— Да если бы я знал! — искренне, с горечью произнес полковник. — Если бы! Что так выйдет, знать бы! Разве встал бы поперек пути!
— Нет-нет, Владимир Иванович! Так я думал, повторяю, до шестидесятого года. Потом метаморфоза произошла настоящая: вспоминал добром. Спасибо вам!
И подполковник стиснул сердечно руку Владимиру Ивановичу. Тот смотрел, прищурив голубые глаза.
— Не понимаю тогда, — проговорил он, и в голосе его прозвучало замешательство.
…Победа застала лейтенанта Горбачева и минометную батарею, которой он командовал, в Чехословакии. Еще утром 8 мая немцы сопротивлялись. Батарея вела огонь, и сам Горбачев находился на НП в передовой линии пехоты. А потом весь день гнали фашистов. И вечером — капитуляция! Победа!
Утром к комбату подошел командир взвода младший лейтенант Нифонтов — красивый, с бакенбардами, голубоглазый:
— Товарищ комбат… Вот стихи. Почитайте!
Стихи о победе, о чувствах солдат, и показались они неплохими. Нифонтов уже не впервые доверялся комбату со стихами и всякий раз при этом заливался краской. Но, видимо, догадывался: он будет правильно понят.
— А ведь я тоже писал, — улыбнулся Николай Андреевич. — Было. Даже в прозе себя пробовал…
— Так и думал! А почему же?..
— Не знаю. Война…
— Списала и это, что ли?
— Нет, не совсем так.
И, может быть, действительно, в первый раз вдруг засосало, защемило под ложечкой: «Что же это, верно „списала“? Несерьезно было? Пожалуй, нет — просто не хватало времени…»
…Войска перебазировались своим ходом из Чехословакии в Венгрию. В лесу, в сорока километрах от Будапешта, солдаты жили в полуземлянках. Потом эшелоны потянулись на Родину. Бывалых солдат пригрела родная русская земля. И полк приступил к мирной учебе. Тут же и батарея лейтенанта Горбачева: прыгали с парашютами, учились минометному бою, стрельбе — солдату ратный труд нельзя прерывать ни на минуту.

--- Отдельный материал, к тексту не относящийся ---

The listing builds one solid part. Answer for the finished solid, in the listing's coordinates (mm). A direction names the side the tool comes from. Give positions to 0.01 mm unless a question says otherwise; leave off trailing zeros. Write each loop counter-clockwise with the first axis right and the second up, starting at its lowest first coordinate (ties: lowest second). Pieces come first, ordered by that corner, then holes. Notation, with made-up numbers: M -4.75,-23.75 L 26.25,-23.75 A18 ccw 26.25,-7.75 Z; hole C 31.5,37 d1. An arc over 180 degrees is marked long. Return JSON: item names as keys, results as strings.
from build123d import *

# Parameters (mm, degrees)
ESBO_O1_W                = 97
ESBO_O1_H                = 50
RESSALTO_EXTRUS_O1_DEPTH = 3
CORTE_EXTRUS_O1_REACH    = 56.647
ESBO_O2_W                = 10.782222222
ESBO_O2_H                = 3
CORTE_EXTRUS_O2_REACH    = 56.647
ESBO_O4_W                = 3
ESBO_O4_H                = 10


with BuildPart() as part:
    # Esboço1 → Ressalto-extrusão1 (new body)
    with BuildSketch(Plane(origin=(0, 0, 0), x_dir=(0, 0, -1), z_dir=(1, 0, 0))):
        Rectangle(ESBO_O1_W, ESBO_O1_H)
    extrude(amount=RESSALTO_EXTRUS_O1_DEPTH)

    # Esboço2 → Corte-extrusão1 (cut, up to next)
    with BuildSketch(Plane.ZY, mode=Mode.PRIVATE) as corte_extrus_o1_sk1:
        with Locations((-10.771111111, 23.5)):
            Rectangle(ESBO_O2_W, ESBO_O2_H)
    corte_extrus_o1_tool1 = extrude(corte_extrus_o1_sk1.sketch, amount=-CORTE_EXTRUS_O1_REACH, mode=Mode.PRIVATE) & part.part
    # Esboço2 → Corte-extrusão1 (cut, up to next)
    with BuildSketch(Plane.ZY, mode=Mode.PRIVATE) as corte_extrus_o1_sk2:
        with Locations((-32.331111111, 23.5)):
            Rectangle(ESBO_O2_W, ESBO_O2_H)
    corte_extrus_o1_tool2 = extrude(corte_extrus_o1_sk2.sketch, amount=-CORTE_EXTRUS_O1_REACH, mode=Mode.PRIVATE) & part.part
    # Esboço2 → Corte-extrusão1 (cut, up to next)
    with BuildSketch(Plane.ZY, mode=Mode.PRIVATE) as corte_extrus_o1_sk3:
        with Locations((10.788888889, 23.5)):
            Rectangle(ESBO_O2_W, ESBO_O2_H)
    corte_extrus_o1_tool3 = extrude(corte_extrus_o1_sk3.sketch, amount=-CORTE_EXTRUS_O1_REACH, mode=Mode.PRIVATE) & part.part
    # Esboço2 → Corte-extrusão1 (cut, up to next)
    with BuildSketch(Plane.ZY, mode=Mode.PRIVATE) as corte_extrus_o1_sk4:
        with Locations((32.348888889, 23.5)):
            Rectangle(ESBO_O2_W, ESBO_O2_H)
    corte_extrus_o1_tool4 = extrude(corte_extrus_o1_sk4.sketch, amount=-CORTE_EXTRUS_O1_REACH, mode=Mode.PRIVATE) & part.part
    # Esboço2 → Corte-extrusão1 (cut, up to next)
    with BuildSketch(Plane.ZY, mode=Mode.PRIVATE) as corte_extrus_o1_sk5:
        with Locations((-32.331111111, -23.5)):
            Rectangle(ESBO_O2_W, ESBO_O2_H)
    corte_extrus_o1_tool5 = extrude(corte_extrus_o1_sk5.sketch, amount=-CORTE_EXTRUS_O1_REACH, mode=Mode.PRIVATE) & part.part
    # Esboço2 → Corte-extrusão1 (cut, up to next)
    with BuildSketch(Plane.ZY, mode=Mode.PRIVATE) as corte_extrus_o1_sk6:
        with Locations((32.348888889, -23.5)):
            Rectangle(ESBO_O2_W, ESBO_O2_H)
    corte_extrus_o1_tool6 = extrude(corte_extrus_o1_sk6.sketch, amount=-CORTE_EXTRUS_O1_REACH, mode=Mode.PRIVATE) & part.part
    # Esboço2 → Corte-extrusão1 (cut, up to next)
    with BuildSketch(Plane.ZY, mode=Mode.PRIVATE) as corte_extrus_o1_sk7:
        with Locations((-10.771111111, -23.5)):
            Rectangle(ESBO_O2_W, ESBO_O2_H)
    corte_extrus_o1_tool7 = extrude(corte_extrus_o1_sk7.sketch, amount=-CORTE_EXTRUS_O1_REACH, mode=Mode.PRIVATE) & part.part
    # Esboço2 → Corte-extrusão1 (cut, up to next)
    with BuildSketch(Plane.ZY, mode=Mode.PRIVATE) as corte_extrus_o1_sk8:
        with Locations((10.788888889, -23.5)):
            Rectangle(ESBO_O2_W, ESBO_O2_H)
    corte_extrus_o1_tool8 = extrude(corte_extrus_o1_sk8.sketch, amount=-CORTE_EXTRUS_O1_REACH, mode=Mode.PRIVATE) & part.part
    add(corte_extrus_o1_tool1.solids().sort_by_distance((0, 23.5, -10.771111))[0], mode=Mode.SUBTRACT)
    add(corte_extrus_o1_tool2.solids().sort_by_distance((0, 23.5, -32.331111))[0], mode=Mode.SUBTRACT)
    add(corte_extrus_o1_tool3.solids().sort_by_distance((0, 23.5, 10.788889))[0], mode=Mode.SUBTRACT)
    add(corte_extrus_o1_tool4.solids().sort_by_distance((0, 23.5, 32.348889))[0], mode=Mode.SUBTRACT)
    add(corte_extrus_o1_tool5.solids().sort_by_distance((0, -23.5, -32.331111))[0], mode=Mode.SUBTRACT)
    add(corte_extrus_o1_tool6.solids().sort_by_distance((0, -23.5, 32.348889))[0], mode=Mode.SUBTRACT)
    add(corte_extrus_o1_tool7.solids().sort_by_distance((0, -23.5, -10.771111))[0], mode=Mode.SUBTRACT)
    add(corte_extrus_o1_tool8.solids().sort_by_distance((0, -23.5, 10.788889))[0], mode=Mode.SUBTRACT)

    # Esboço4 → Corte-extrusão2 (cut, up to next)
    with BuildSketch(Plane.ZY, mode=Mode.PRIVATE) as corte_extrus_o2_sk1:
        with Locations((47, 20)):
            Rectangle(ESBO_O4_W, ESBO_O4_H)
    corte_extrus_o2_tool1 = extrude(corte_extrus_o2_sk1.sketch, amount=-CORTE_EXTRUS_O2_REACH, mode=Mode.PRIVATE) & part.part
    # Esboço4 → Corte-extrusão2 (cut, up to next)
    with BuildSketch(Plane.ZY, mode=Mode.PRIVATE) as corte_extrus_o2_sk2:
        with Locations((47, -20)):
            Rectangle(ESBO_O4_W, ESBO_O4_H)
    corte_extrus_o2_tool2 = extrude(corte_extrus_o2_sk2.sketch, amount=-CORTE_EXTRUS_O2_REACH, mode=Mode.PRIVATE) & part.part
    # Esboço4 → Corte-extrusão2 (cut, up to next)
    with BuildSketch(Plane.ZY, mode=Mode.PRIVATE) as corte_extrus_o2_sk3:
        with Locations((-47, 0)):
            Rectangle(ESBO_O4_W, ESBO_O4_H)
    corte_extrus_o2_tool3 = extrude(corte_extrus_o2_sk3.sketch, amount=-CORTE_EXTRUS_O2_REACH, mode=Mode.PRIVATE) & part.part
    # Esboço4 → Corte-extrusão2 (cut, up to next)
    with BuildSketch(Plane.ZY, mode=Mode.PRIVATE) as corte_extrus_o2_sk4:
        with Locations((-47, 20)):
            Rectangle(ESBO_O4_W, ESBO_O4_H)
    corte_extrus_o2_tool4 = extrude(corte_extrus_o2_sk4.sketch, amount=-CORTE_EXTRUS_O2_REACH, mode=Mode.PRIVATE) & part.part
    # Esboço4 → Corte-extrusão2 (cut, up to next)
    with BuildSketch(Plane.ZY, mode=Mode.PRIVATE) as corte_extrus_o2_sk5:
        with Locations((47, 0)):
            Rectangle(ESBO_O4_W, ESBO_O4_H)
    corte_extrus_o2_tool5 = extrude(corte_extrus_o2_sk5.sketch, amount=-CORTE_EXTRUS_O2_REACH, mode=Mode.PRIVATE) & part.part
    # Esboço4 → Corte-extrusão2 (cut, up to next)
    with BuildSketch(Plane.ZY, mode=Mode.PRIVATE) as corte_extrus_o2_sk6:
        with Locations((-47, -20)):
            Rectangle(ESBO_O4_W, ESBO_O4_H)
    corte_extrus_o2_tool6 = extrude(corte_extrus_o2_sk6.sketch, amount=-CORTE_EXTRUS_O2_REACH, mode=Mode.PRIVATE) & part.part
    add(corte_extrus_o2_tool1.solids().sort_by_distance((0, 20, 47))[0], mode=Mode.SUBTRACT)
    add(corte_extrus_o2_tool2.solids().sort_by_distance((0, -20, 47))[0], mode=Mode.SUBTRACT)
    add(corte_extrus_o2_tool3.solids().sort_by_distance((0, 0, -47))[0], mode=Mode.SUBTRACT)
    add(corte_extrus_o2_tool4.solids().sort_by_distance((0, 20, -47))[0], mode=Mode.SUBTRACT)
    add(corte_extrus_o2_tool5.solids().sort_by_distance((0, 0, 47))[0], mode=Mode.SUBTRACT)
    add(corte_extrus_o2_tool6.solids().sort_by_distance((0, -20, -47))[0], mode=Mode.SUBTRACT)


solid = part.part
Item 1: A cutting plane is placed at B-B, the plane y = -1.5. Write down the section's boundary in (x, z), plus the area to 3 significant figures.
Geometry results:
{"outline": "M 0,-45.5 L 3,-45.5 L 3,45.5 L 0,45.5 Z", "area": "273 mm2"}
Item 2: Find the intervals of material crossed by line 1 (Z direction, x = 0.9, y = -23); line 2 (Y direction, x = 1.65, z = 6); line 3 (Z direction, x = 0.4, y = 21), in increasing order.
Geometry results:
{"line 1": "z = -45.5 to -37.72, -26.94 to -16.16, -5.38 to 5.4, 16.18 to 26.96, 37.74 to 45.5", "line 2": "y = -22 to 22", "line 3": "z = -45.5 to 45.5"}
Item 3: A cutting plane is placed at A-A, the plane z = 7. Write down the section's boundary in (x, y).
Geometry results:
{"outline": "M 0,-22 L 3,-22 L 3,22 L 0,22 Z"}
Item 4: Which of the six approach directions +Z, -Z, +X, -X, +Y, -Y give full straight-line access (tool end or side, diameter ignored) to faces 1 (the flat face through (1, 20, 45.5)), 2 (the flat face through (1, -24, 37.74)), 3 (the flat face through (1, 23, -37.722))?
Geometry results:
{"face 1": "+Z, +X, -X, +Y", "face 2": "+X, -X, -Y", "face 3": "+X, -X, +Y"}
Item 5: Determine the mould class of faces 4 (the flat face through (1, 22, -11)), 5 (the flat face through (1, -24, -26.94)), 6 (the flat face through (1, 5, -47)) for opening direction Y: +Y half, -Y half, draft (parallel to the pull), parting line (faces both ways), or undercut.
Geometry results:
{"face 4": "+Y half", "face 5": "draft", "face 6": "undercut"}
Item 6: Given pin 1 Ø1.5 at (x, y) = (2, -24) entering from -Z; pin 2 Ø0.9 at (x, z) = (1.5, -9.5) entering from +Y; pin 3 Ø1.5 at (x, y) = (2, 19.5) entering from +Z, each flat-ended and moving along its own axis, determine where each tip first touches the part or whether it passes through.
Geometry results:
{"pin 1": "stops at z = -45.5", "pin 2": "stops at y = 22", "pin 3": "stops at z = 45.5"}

Но теперь уже в свободное время Горбачев заполняет блокноты наблюдениями, зарисовками боевых дел — вновь «заговорил» тот «червь», что беспокоил его и тогда, когда он учился в Махачкалинском дорожностроительном техникуме и позднее — в Ростовском морском…
Приспело время подавать рапорт на учебу. Теперь уже Николаю Горбачеву представлялось, что другого пути нет, — только на редакторский факультет Военно-политической академии имени В. И. Ленина. Об этом коротко и ясно было написано в рапорте.

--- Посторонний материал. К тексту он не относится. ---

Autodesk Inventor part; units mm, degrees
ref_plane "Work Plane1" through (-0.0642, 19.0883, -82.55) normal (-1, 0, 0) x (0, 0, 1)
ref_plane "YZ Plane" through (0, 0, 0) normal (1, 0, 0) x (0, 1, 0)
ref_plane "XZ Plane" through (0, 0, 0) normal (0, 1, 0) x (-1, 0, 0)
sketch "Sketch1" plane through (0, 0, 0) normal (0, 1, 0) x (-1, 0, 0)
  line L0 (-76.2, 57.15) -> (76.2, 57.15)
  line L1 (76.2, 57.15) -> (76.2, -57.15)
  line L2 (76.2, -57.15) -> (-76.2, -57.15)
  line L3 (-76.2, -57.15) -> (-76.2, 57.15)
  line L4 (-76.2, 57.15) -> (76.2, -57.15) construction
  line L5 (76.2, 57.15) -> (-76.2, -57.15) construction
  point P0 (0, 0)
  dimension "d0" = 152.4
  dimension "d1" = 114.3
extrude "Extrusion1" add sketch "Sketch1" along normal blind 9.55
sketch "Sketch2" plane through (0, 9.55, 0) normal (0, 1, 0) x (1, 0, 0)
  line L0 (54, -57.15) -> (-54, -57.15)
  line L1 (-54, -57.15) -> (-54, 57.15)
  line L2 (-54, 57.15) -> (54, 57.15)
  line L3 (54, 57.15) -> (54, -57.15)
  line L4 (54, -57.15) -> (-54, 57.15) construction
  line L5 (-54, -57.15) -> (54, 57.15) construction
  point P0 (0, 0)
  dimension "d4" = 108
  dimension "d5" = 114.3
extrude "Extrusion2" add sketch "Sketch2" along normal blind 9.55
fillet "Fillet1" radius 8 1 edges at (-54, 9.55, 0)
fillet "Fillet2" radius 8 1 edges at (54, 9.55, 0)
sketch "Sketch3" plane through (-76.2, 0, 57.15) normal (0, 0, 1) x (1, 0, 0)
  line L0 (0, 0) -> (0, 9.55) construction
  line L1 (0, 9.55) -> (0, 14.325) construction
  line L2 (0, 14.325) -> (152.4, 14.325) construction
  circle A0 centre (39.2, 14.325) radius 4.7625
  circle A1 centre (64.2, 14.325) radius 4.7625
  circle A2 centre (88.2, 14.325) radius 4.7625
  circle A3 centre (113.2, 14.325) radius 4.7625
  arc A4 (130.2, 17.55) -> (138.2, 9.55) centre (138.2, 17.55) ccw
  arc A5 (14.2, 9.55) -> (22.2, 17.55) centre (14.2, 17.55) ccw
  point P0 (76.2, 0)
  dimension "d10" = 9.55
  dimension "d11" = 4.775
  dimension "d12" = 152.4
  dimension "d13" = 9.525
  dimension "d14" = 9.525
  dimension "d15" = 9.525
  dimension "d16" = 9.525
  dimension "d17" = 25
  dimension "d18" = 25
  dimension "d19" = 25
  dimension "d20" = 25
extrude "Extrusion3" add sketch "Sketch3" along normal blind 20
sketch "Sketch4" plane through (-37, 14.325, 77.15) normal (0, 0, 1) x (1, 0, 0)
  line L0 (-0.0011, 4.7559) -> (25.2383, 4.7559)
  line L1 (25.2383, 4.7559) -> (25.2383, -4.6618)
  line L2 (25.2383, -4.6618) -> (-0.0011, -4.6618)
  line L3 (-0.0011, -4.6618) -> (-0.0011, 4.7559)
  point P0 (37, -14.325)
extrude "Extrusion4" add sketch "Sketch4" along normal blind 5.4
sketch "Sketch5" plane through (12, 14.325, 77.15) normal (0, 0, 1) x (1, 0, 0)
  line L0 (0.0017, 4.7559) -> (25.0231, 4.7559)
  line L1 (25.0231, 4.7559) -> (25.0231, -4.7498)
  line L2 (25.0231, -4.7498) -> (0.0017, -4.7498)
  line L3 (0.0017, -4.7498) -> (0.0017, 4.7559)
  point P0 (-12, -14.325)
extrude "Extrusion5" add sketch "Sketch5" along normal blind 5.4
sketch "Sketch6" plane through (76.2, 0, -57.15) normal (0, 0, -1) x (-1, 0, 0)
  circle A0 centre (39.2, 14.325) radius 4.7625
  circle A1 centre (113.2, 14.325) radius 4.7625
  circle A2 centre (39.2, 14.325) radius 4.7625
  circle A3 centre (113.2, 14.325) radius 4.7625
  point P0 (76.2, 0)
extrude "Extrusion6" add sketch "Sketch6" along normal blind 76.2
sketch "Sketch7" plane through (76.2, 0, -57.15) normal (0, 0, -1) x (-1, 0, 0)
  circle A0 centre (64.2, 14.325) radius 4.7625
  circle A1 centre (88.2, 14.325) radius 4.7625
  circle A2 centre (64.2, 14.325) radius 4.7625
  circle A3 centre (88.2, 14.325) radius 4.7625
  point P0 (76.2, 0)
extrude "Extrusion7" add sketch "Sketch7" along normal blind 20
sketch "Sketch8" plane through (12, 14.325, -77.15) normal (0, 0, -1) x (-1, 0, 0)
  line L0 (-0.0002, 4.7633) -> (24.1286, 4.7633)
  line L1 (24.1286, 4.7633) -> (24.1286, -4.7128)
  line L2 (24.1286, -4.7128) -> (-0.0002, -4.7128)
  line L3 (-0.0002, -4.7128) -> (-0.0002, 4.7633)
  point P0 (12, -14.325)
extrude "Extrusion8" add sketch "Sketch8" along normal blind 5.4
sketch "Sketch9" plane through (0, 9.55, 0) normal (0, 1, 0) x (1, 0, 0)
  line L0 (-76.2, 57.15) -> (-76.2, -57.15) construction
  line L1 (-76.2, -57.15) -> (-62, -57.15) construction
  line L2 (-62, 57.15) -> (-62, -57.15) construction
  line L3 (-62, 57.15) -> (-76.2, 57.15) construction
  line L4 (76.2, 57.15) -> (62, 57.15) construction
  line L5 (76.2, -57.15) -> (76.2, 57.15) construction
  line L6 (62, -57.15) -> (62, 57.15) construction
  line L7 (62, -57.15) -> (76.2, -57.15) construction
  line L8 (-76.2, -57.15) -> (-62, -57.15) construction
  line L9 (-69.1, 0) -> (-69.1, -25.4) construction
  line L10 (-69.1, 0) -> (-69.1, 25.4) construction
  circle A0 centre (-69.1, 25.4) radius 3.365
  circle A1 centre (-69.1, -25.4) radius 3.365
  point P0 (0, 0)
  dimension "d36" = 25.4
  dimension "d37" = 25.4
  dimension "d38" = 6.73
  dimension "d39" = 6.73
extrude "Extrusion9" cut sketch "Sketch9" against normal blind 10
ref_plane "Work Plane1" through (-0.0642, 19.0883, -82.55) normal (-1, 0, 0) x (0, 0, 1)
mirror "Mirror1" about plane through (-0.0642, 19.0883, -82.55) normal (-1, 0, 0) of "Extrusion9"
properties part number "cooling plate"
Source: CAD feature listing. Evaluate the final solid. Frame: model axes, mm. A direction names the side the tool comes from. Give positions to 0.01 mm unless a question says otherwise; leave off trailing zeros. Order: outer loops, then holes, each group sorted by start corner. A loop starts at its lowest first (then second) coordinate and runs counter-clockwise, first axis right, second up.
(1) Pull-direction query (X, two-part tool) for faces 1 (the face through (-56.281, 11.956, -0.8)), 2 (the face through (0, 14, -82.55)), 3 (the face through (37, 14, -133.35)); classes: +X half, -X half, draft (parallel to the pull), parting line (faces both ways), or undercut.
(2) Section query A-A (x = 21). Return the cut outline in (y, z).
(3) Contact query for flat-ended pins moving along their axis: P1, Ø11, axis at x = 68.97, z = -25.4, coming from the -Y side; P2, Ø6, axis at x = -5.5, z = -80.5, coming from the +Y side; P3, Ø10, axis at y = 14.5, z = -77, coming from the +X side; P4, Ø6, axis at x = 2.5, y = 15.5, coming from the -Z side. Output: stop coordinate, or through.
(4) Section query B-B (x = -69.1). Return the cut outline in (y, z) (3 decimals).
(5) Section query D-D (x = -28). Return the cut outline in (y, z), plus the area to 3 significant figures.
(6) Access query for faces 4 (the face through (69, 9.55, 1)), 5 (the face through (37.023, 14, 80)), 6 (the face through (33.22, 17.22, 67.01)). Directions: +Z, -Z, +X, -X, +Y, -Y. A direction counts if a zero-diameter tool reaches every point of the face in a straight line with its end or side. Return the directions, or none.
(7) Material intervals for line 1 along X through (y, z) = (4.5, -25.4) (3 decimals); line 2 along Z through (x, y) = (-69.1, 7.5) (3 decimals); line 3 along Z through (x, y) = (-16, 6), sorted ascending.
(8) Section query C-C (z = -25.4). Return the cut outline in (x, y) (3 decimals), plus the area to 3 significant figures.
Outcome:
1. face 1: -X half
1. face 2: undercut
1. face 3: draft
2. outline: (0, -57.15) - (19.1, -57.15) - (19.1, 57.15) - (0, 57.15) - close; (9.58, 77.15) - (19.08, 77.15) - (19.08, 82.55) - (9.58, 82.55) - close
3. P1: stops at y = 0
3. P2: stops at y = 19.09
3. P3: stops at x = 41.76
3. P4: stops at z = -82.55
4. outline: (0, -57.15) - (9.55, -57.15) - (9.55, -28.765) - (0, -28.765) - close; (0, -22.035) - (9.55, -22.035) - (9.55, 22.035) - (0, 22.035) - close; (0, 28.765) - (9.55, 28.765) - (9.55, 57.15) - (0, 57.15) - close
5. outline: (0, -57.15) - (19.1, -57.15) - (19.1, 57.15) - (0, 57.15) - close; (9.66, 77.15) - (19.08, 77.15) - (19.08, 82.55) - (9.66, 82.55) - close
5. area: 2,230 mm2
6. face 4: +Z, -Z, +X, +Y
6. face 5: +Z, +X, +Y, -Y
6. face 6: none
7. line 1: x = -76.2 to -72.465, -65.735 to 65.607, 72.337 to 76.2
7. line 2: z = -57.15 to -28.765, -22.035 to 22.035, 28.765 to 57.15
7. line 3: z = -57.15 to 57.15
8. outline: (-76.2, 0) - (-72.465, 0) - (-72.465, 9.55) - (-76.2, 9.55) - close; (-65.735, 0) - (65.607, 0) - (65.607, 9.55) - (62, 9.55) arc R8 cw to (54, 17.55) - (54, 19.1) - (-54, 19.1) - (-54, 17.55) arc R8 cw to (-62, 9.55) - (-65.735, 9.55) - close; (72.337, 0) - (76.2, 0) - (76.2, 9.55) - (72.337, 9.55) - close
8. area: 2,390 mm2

…Посыльный из штаба полка, запыхавшись и раскрасневшись, отыскал комбата далеко за чертой города, на полевых тактических занятиях: отрабатывался перенос огня. Сыпались команды, доклады, поправки…
— Товарищ лейтенант, вас командир полка вызывает.
В маленькой приемной перед дверью в кабинет командира полка было пусто и тихо. Спросить даже не у кого: зачем? Действительно, зачем вызывает полковник Волков? Вряд ли так просто, это не в его правилах. По пустякам не приглашал. Провинность? Кажется, ничего особого не случилось.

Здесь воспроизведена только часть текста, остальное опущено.